# Need a little advice.



## born2farm (Dec 24, 2007)

Here is my dilema. Starting this year I am going to start plowing commericaly. I already have had a few larger commercial lots ask me to summit a bid for this winter. I plan to set everything up legally this year by first setting my business up as a sole proprietorship as well as getting the necessary insurance. Here is my problem. I will not turn 18 untill Dec 12 so you can see where that will be a problem signing contracts. The business will be set up in one of my parents names untill I turn 18 and then switched over. I have never dealt with contracts before...How much of an issue will I face if I have say my dad sign the contract but then switch the business into my name?

Thanks


----------



## grandview (Oct 9, 2005)

First rule of business,get a lawyer to sort it out.


----------



## basher (Nov 13, 2004)

grandview;1045721 said:


> First rule of business,get a lawyer to sort it out.


X2

It should not be expensive to have a lawyer set things up for you. Perhaps you and your parents could own it jointly until you turn 18. You could also talk to a lawyer/accountant about whether you should be a sole proprietorship, a LLC, LLP, sub chapter S corp. (very popular sort of a mix between sole proprietorship and a C type Corp.) and a C type corp.

Be a good time to get some help with your contracts as well. A standard boiler plate contract isn't good enough a contract needs to be personalized for your situation. No standard contract can cover all of your needs. SIMA, Sean Adams and a number of other people offer some basic contracts to use as a starting point but you need to have contract designed for you, your business and it's needs and protection. Think about it like a truck, they all build a truck that is a good base to start with, but they all need personalization before they are suited for your individual needs.
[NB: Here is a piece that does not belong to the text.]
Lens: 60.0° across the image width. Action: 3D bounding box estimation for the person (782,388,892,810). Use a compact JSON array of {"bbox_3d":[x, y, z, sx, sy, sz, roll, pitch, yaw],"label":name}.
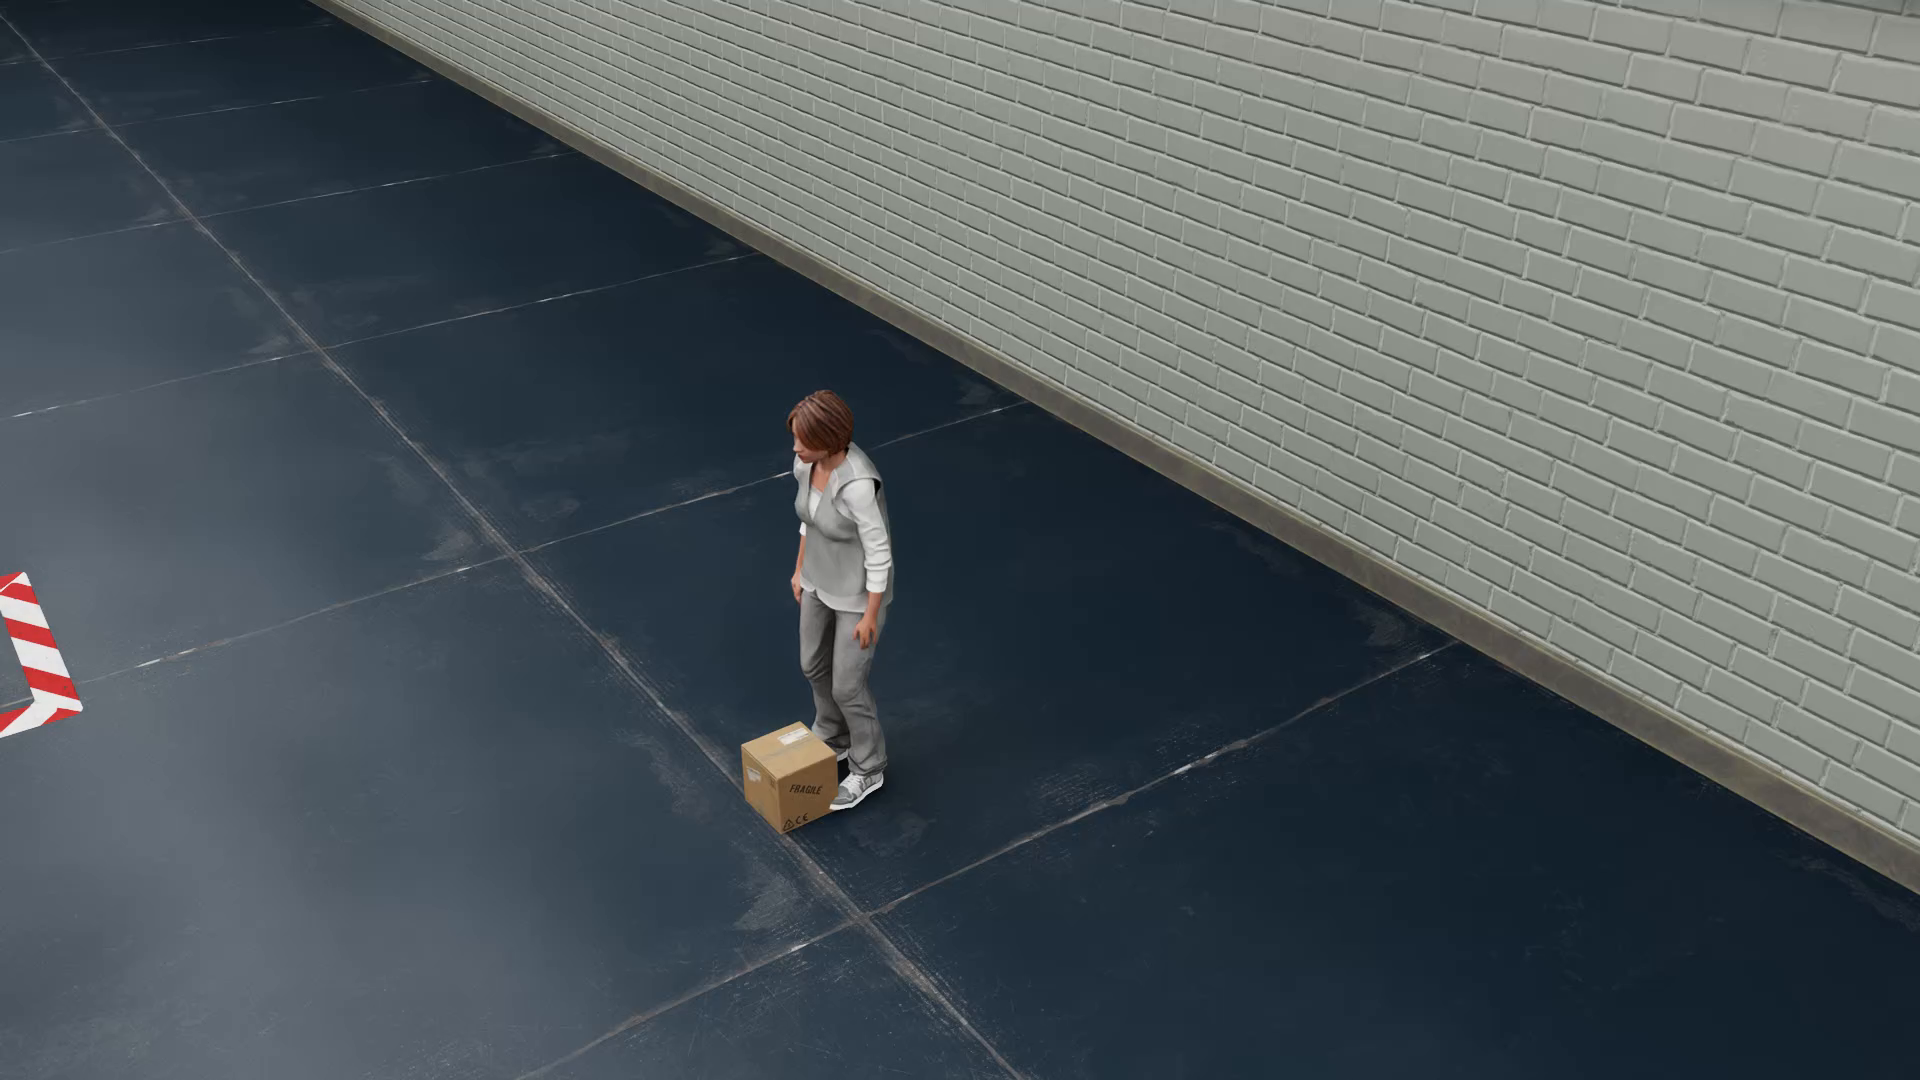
[{"bbox_3d":[-0.425,0.199,5.790,0.347,1.580,0.459,-19,34,-31],"label":"person"}]

Also a good time to find an insurance agent, accountant and a financial advisor.


----------



## buckwheat_la (Oct 11, 2009)

i would be really surprised if you aren't allowed to set up your own buisness at 16yrs old, insurance and everything. But if there needs to be parrental consent, it may just be a letter from your local registry that you need. Spend the $100 dollars at a lawyer and have him walk you through it, but i don't see setting this up and then transfering it to you when you are 18, lots of young people are setting up legitimate buisnesses when they are as young as 14


----------



## born2farm (Dec 24, 2007)

I have talked to the secretary of state here in ohio and here is what the email said in response to my question...
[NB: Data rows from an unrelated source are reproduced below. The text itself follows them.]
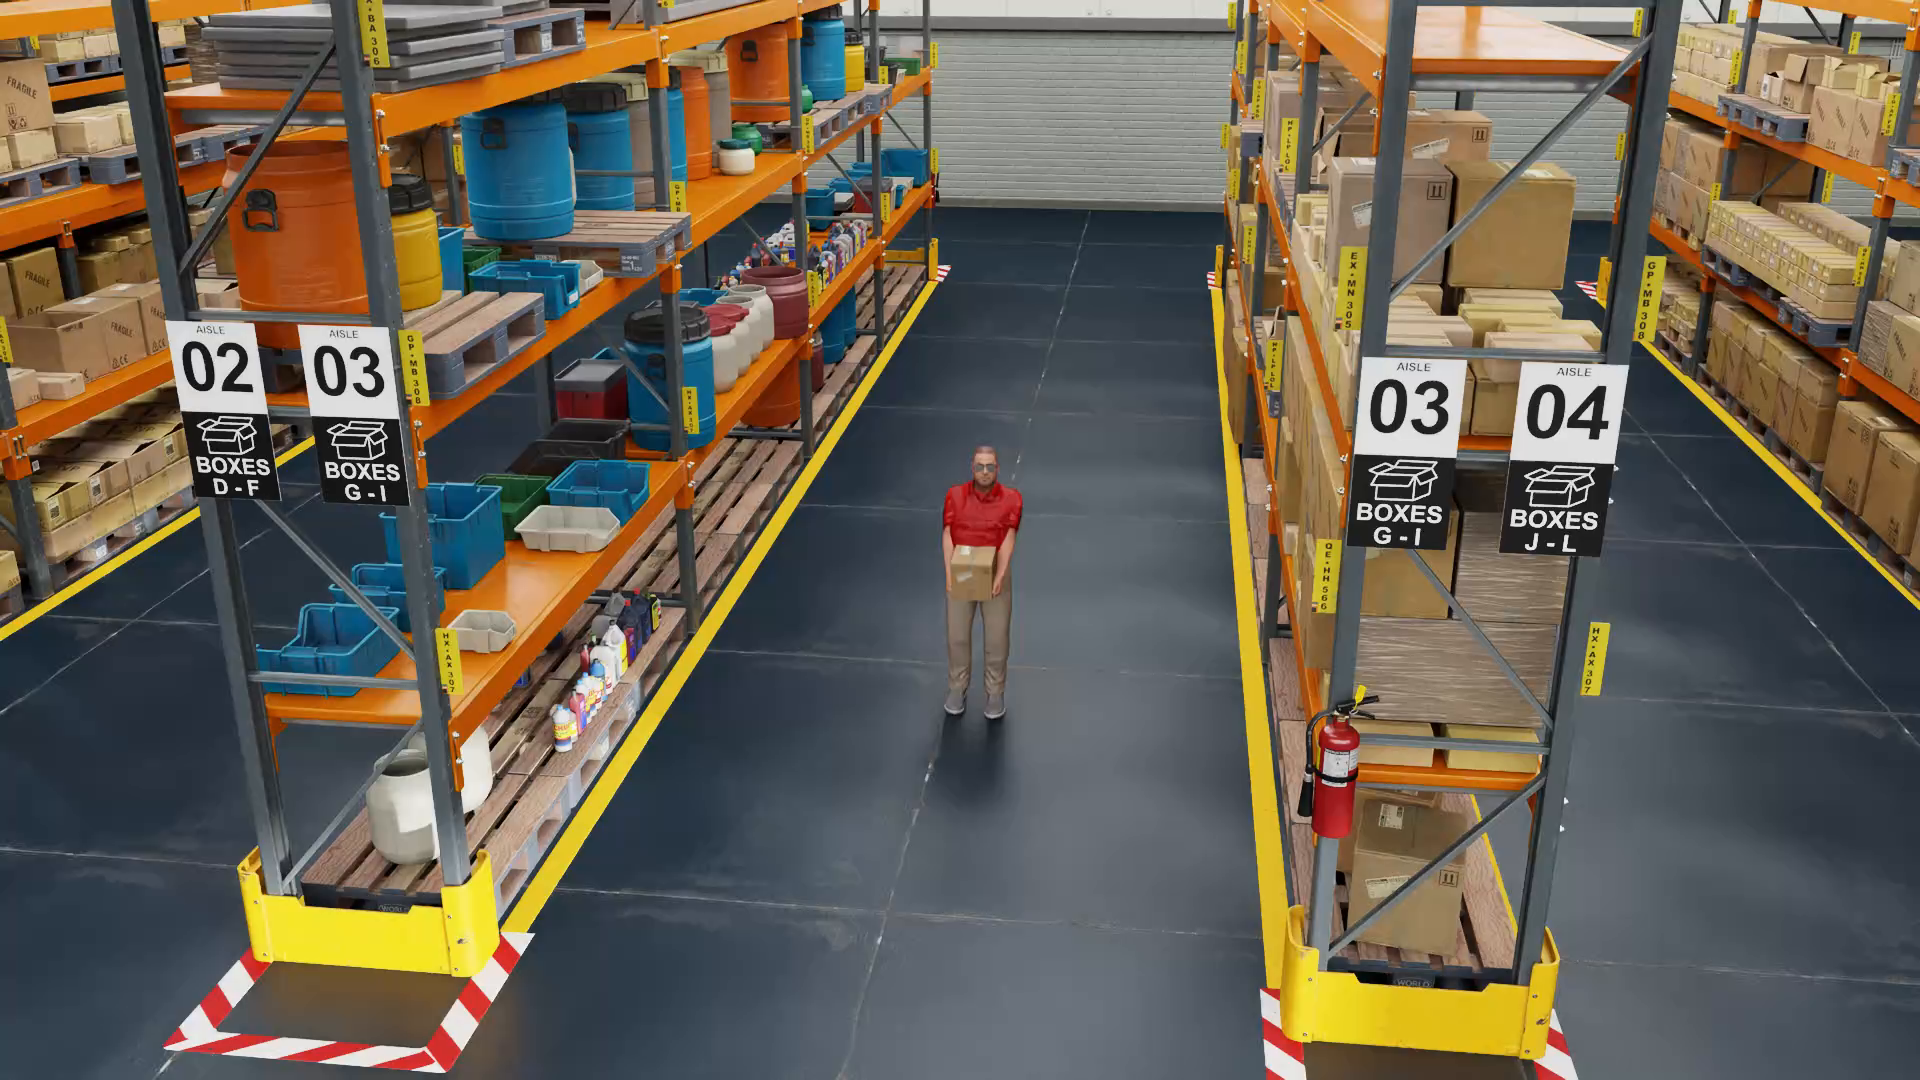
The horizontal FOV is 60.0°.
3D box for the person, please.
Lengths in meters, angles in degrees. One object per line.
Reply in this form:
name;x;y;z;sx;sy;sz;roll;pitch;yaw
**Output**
person;0.124;0.287;10.376;0.494;1.714;0.537;3;21;7

"Dear Mr. Goodman, Since the name registration form, once filed, is a legal document, itmust be signed by a person of legal age, which in Ohio is 18."

I then asked if I could just set it up in a parents name and then transfer it to my name at the age of 18. Here is that response.

"Dear Mr. Goodman,



That is possible. Attached is a copy of Form #534A, Name Registration. The name can be registered by someone over 18 and, after you turn 18, the rights to the name can be assigned to you with the attached Form #524, Name Registration Update.



Checking Box #1 will register the name as a trade name, which is protected for your sole use throughout the state. Checking Box #2 will register the name as a fictitious name, which doesn’t have that protection for sole use."


The way it makes it sound...in Ohio I have to be 18 to set up a legal business. Right? Or am I missing somthing...is there any other forms that must be filled out to be a sole proprietor?

Thanks


----------



## basher (Nov 13, 2004)

First; take your phone number out of your sig. 

Second; spend the money to go to a lawyer he can get it set up in the way that best benefits you. I'll bet every dollar you spend now will save you two later.


----------



## buckwheat_la (Oct 11, 2009)

born2farm;1045751 said:


> I have talked to the secretary of state here in ohio and here is what the email said in response to my question...
> 
> "Dear Mr. Goodman, Since the name registration form, once filed, is a legal document, itmust be signed by a person of legal age, which in Ohio is 18."
> 
> ...


keeping in mind that i am from Canada, legal age can mean anything, here the legal age of consumption of alcohol is 18 , legal age for driving is 16, legal age for voting is 18, etc, etc. Also here we have a consent form, (never actually used one but i know they exist, it is a form that gives parental consent to you to act on your own behalf, this is how people younger then 18 get married legally. i think you need to further investigate what you are doing, and consult a lawyer.


----------



## Mick (May 19, 2001)

Basher is giving you good advise. A local lawyer will beat an "internet expert" every time.


----------



## grandview (Oct 9, 2005)

Mick;1045989 said:


> Basher is giving you good advise. A local lawyer will beat an "internet expert" every time.


I thought it you heard it on the internet ,it must be true!


----------



## ajslands (Sep 3, 2009)

grandview;1046016 said:


> I thought it you heard it on the internet ,it must be true!


That's right! That's why everytime I playgerize from wikipedia, I get an A on my paper everytime!


----------



## basher (Nov 13, 2004)

ajslands;1046019 said:


> That's right! That's why everytime I playgerize from wikipedia, I get an A on my paper everytime!


:laughing::laughing::laughing:


----------



## born2farm (Dec 24, 2007)

Thanks for the input guys. I will be contacting a local lawyer soon. Do I need to look for a lawyer that specializes in business?


----------